If we provide a library, which include all the async function, the common is will return a ChainableObject, after this, we can use then to combine to finish our development. This is so call async EcoSystem.

Suppose we provide an async library, it includes: http_get, http_post, read_fs, write_fs functions which return a ChainableObject. The we can combine them to implement complex logic, the previous callback hell can rewrite like this:

http_post("/login", body)
  .then(user => http_get("/order?user_id=${user.id}"))
  .then(order => http_post("/payment", {oid: order.id}))
  .then(/*...*/)

Does it looks like the same as the chain calls base the Promise in js ?

Actually the above chainableObject is the Promise in js. The different is , due to the js base on callback programming paradigm at first, every internal async function in the standard lib can only accept callback, in order to backward compatible, can’t change those internal function to return a Promise. So the js’s solution is to provide a promise construct function, which ‘wrap’ all async function to promise.
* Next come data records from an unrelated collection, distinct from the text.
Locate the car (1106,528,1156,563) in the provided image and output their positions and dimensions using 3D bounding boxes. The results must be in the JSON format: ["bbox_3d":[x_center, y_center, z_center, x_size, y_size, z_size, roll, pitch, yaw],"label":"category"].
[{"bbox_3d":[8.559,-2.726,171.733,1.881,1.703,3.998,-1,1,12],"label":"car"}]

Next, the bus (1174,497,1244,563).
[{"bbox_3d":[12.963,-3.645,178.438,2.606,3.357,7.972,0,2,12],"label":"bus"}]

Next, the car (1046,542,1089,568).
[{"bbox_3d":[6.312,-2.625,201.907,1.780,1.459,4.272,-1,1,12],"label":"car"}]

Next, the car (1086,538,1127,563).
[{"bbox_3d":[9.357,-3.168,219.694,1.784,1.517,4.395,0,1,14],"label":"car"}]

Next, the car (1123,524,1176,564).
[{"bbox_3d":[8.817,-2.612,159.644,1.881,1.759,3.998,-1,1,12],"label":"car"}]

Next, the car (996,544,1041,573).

If base the chainableObject we implemented, we can do this:

function ChainableObject() {
  return chainableObject = {
    callbacks: [],
    then: function(callback) { /* like before */},
    run: function(data) {
      let nextData = data;
      if self.resolveData != null {
        nextData = self.resolveData;
      }
      while self.callbacks.length > 0 {
        // like before
      }
    },
    resolveData: null,
  };
}

function Convert2Chainable(targetFunction) {
  let obj = new ChainableObject();
  function resolve(data) {
    obj.resolveData = data;
  }
  targetFunction(resolve);
  return obj;
}

Then, we can use the old callback in standard library to write the code like this:

Convert2Chainable(resolve => {
  let sleep = 100;
  setTimeout(() => {
    resolve(sleep);
  }, sleep);
}).then(data => console.log("sleep: ${data}ms"))
  .then((_) => Convert2Chainable(resolve => {
    let sleep = 200;
    setTimeout(() => {
      resolve(sleep);
    }, sleep);
})
.then(data => console.log("sleep: ${data}ms"))
.then((_) => Convert2Chainable(resolve => {
  $.ajax("facebook.com", function(res) {
    resolve(res);
  });
})
.then(data => console.log("facebook.com: ${data}"));

The key idea here is that Convert2Chainable lets us wrap any callback-style function into a chainable object. Our ChainableObject is a simplified version of a JS Promise. In real-world usage, a full Promise implementation handles errors and other edge cases too—but the core concept is the same.
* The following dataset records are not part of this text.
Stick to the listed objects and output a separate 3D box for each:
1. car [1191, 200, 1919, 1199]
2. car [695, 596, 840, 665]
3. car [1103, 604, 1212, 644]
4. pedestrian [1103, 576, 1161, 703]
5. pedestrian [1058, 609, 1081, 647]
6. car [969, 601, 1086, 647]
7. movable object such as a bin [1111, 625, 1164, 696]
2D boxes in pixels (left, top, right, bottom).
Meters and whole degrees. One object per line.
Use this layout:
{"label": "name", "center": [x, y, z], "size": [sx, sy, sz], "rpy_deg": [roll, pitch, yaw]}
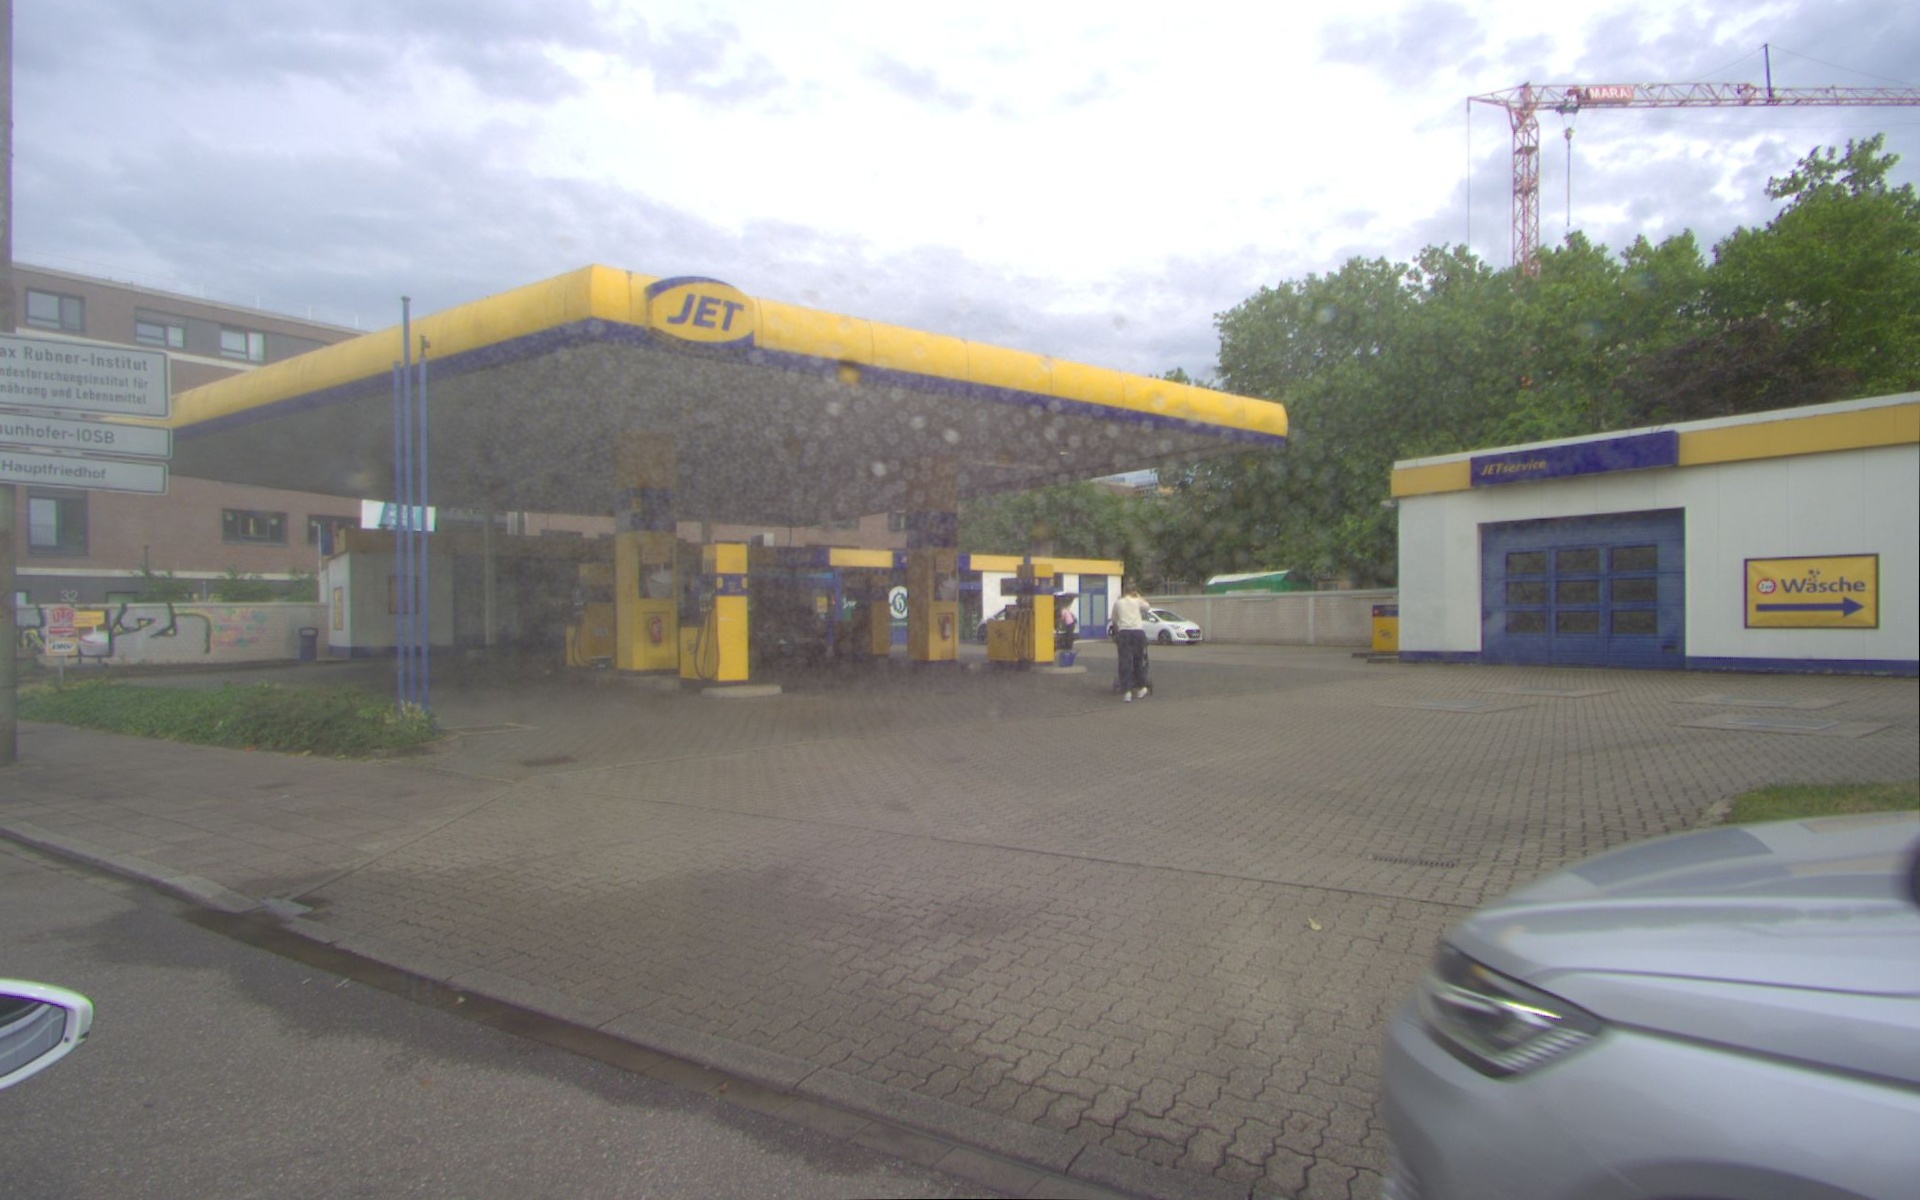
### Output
{"label": "car", "center": [2.710, 0.451, 0.642], "size": [1.831, 1.831, 4.894], "rpy_deg": [0, 0, -40]}
{"label": "car", "center": [-4.861, 0.751, 24.826], "size": [1.970, 1.516, 4.299], "rpy_deg": [-1, -1, -34]}
{"label": "car", "center": [8.194, 1.052, 41.852], "size": [1.915, 1.546, 4.302], "rpy_deg": [2, -3, -38]}
{"label": "pedestrian", "center": [2.585, 0.559, 14.981], "size": [0.756, 1.821, 1.160], "rpy_deg": [0, 2, 15]}
{"label": "pedestrian", "center": [3.969, 1.036, 36.279], "size": [0.573, 1.364, 0.607], "rpy_deg": [1, -2, -38]}
{"label": "car", "center": [2.503, 0.957, 38.019], "size": [1.821, 1.658, 4.440], "rpy_deg": [2, -3, -42]}
{"label": "movable object such as a bin", "center": [2.844, 0.944, 15.978], "size": [0.756, 1.053, 1.022], "rpy_deg": [0, 1, 15]}

In this article, I spent some time walking you through the core principles of asynchronous programming step by step using examples. You can clearly see that all asynchronous tasks are initiated by a single thread, and all subsequent logic is also handled by this same thread. When a large number of concurrent requests come in, we can handle them all with just one thread—that’s the true value of asynchronous programming. This is also a key reason why Node.js can be used for backend development and still achieve very good performance! Well-known tools like Redis and Nginx are built on this kind of asynchronous programming model and benefit greatly from the advantages it brings.